Unnamed: 0,restaurant_name,simScore,aggregate_rating
1,Miyabi 9,1.0,4.8
4,Roka,1.0,4.6
3,Nobu,1.0,4.4
2,Nagai,1.0,4.3
0,Osaka,1.0,4.2


# Furture Work

This notebook successfully implemented a content-based restaurant recommendation system leveraging cuisine similarity and aggregate ratings.
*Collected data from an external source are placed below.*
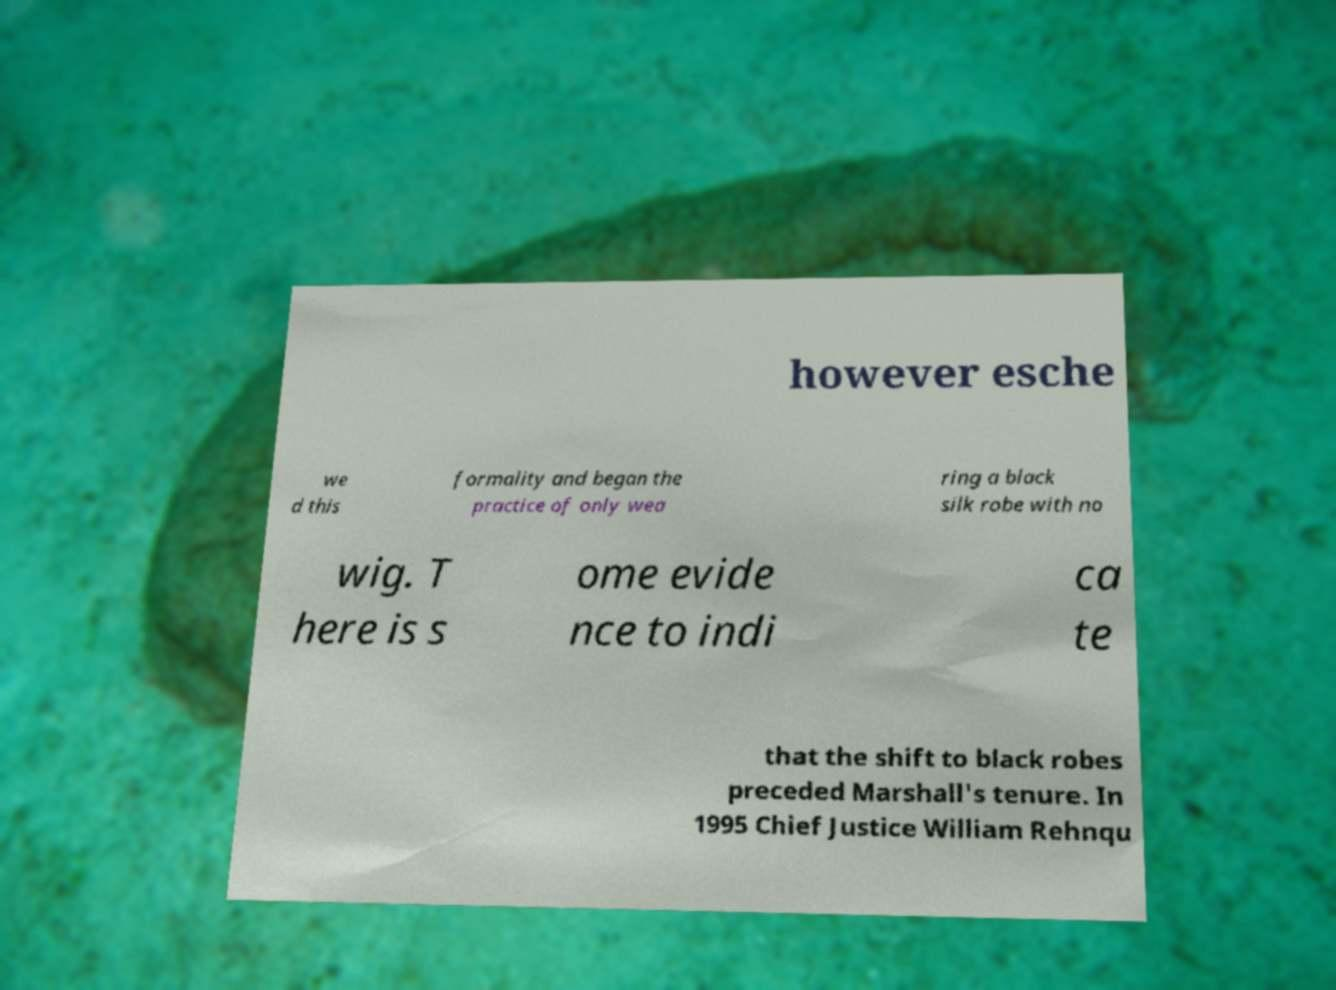Can you read and provide the text displayed in the image?This photo seems to have some interesting text. Can you extract and type it out for me? however esche we d this formality and began the practice of only wea ring a black silk robe with no wig. T here is s ome evide nce to indi ca te that the shift to black robes preceded Marshall's tenure. In 1995 Chief Justice William Rehnqu 
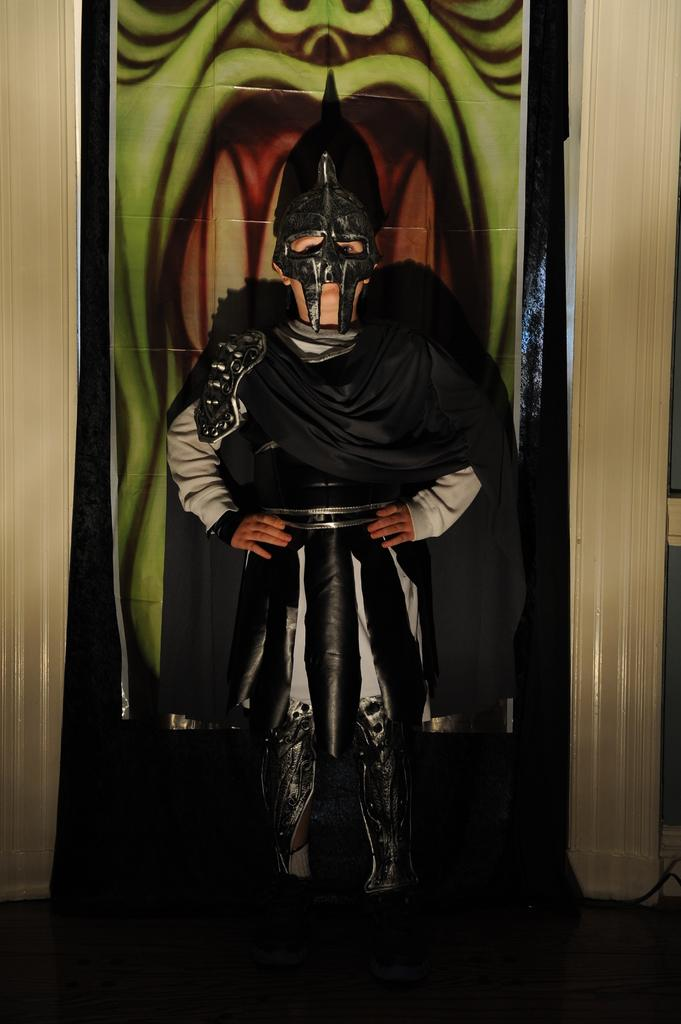What can be seen in the image related to a person? There is a person in the image. What is the person wearing on their face? The person is wearing a mask. What else is the person wearing? The person is wearing a costume. What can be seen in the background of the image? There is a poster and pillars in the background of the image. Can you hear the spiders whistling in the image? There are no spiders or whistling sounds present in the image. 
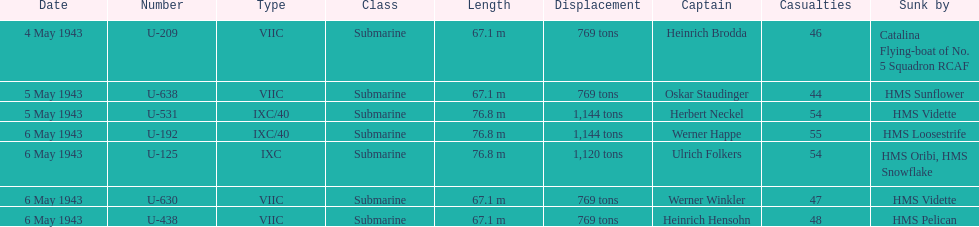Which date had at least 55 casualties? 6 May 1943.

* **Data Preprocessing:** The data was loaded, cleaned (handling missing values and optimizing data types), and prepared for analysis by splitting and exploding the 'Cuisines' column.
* **Similarity Calculation:** The Jaccard similarity index was used to quantify the similarity between restaurants based on their cuisine offerings, resulting in a similarity matrix.
* **Recommendation Generation:** By filtering for restaurants with a high similarity score to a given input restaurant and then sorting by aggregate rating, the system provides a list of top-rated recommendations.


# Conclusion:

* The above Data will show up to top 5 recommended restaurants with the best rating.

* A restaurant recommendation system was successfully implemented that filters restaurants based on preferred cuisines and recommends the top-rated ones.